Head and neck cancer Cancer can occur in any of the over 30 different tissues or organs in the head and neck area. Worldwide, approximately 500,000 new cases of head and neck cancer are diagnosed each year [1, 2], and about half of these patients will eventually die of this disease [3]. Head and neck cancer is more com-mon in men than in women. It is diagnosed mostly in people over the age of 50 and is likely to be caused by lifestyles and habits (such as use of tobacco and alcohol), whereas a few are caused by genetic factors. Subclasses are carcinoma, sarcoma, lymphoma and melanoma, of which carcinoma is the most common type.

In this thesis, we have focused mainly on head and neck squamous cell carcinoma (HNSCC), and to some extent thyroid anaplastic carcinoma.

Squamous cell carcinoma About 85% of all head and neck tumours are carcinomas. This cancer type originates in the epithelium, the cells that form the lining of the mouth, nose, throat or ear, or the surface layer covering the tongue.

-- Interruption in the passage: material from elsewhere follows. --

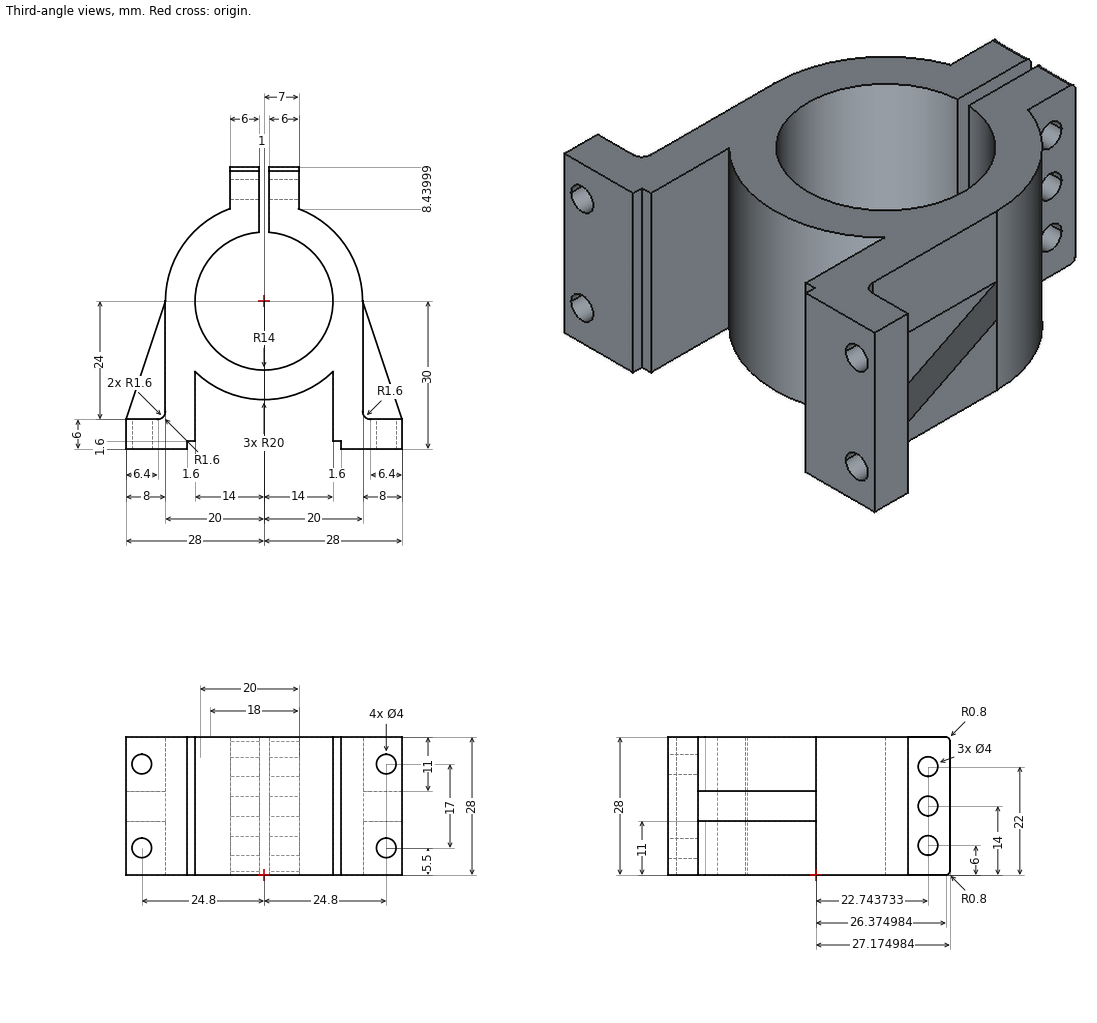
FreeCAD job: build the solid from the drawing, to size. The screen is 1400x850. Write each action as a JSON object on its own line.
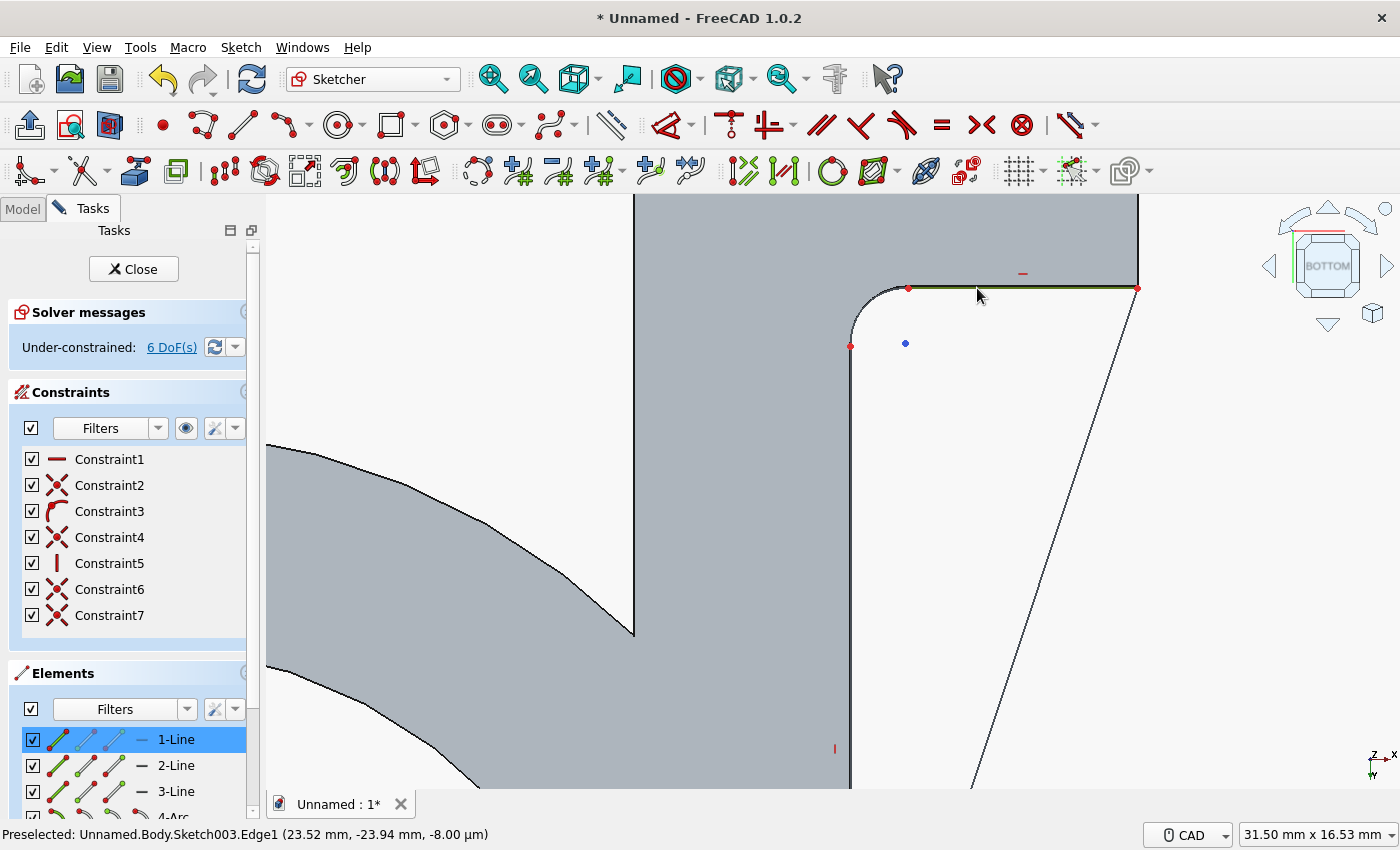
{"action": "left_click", "coordinate": [882, 294]}
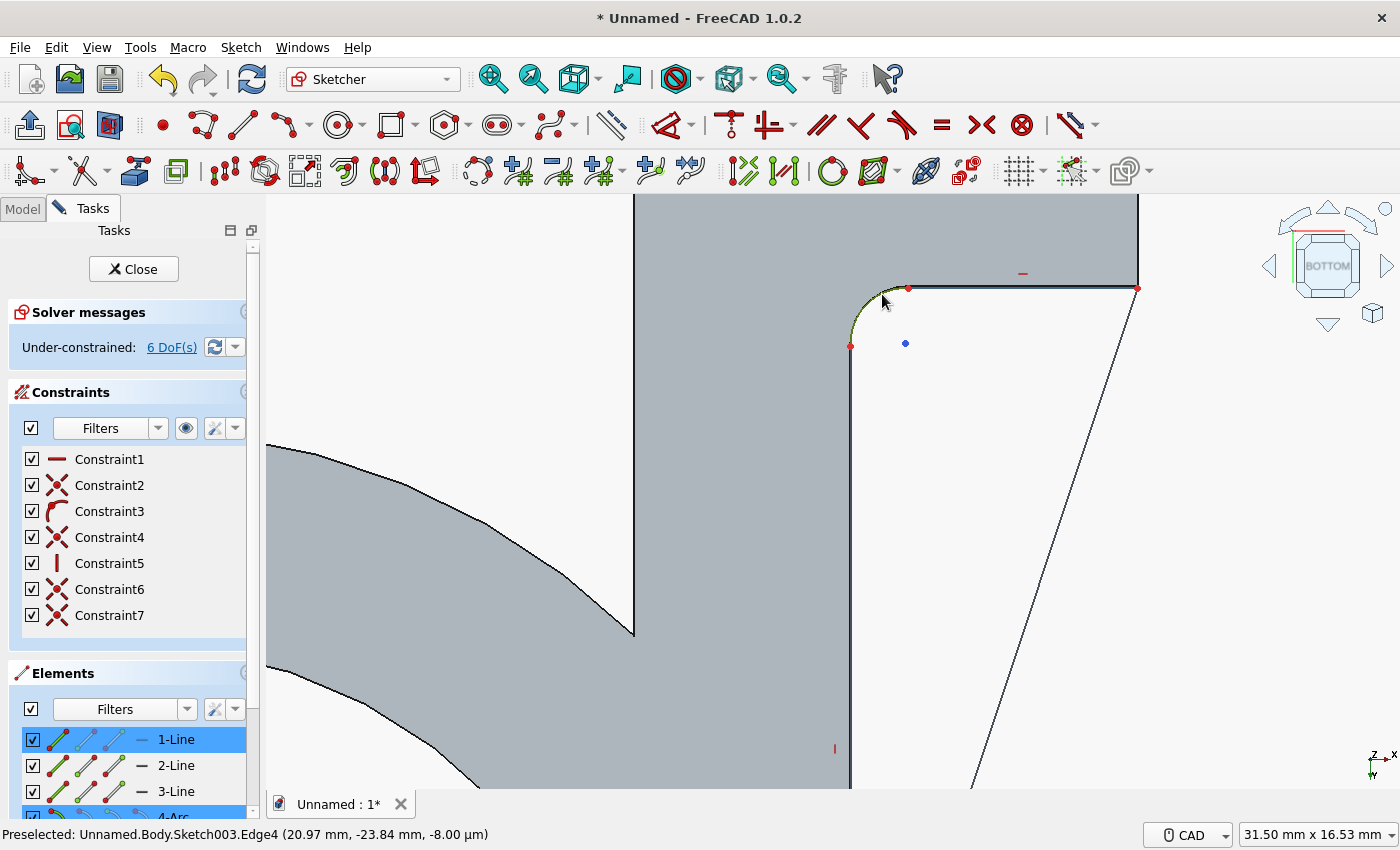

Squamous cell carcinoma is the predominant histological type among car-cinomas, accounting for approximately 5% of all malignant neoplasms in Europe and the USA [4]. Even though the early stages of the disease are associated with a good prognosis, there is still a high failure rate for the more advanced stages, locally as well as at distant sites [5]. An effective adjuvant systemic therapy for minimal residual disease is therefore needed to improve the survival rate for this patient category.

Thyroid cancer The thyroid, a small gland in the front of the neck just below the larynx, is one of a network of glands throughout the body that constitute the endocrine system. Thyroid carcinomas are classified according to histopathological criteria into two types: differentiated carcinoma (papillary and follicular), and undifferentiated (medullary or anaplastic) carcinoma.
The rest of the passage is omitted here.